These researchers, called geoengineers, have theorized that if we spread enough stratospheric aerosols (fancy name for volcano dust) into the atmosphere, we could cool the earth. They think it will scatter enough of the sun’s energy that Grandma won’t have to move to the Artic Circle to grow her petunias.
Sadly, the geoengineers have burnt through millions of dollars doing their research and need millions more.
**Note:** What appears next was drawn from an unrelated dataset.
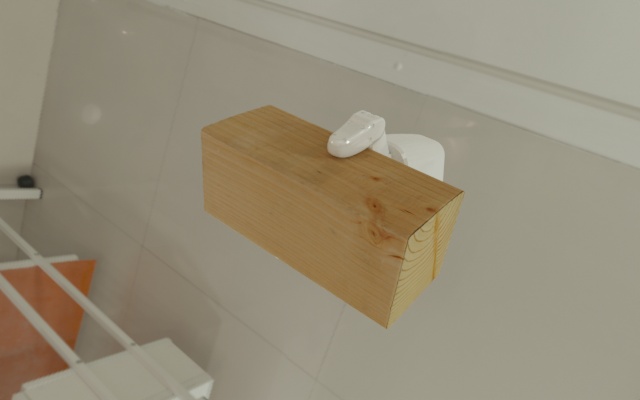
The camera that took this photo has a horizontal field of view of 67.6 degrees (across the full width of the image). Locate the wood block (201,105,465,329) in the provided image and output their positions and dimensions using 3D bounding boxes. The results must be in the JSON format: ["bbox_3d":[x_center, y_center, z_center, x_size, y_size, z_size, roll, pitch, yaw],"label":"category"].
[{"bbox_3d":[0.000,0.001,0.408,0.206,0.091,0.090,28,38,29],"label":"wood block"}]

So, hallelujah! There appears to be a solution to climate change! It can’t happen fast enough. It’s been some kind of hot summer! Soon, if these geo-manipulators have their way, millions of cans of aerosol spray will be loaded into the bellies of military C5 transport jets and sprayed high in the atmosphere. These spray cans, say the geoengineers, are to be filled with sulfur dioxide and, if I might make a suggestion, mixed with a bit of flat black paint. I’m no scientist, but I think black paint is known to absorb light waves. Only then will I know that science is serious about climate change. Greta Thunberg can go back to school.
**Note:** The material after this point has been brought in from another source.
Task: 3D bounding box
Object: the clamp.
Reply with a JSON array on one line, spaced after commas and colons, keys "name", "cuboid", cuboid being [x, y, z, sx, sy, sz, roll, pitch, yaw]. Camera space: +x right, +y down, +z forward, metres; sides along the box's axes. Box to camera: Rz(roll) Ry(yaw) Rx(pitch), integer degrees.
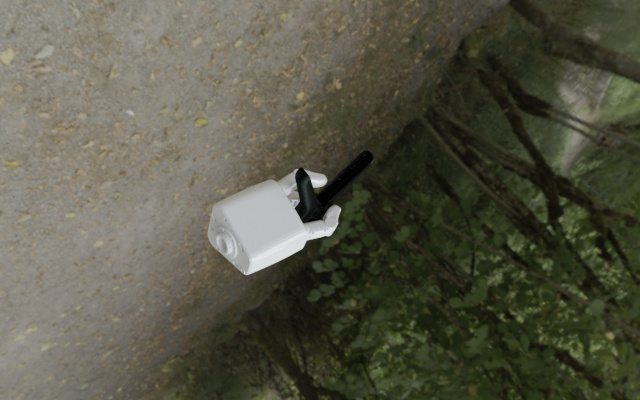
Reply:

While I have chosen not to replace Luunies, my rat terrier, with a new puppy as my own personal protest against the coming climate apocalypse, others are choosing to glue themselves to bridges, freeways and runways. Believing that climate change is a much greater threat than even the scientist believe it is, we poor neurotic souls have taken the evidence of seeing smoke from forest fires, red ‘extreme heat’ zones in weather forecasts, and getting sweaty while taking Fluffy, the Scottish Fold white cat, for a summer jog as clear evidence that humanity is just about toast. Nearly burnt beyond human’s capacity to endure. So we organize to cause as much upheaval and mayhem as possible, not wanting to be miserable alone.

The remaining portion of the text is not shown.